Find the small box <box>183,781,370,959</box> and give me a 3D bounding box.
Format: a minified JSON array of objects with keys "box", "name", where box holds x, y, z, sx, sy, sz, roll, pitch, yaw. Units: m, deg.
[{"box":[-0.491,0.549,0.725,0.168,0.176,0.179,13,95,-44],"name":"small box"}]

> **Work order**:
Give back the entire listing exactly as it was written.

> **Response area**:
Find the small box <box>183,781,370,959</box> and give me a 3D bounding box.
Format: a minified JSON array of objects with keys "box", "name", where box holds x, y, z, sx, sy, sz, roll, pitch, yaw. Units: m, deg.
[{"box":[-0.491,0.549,0.725,0.168,0.176,0.179,13,95,-44],"name":"small box"}]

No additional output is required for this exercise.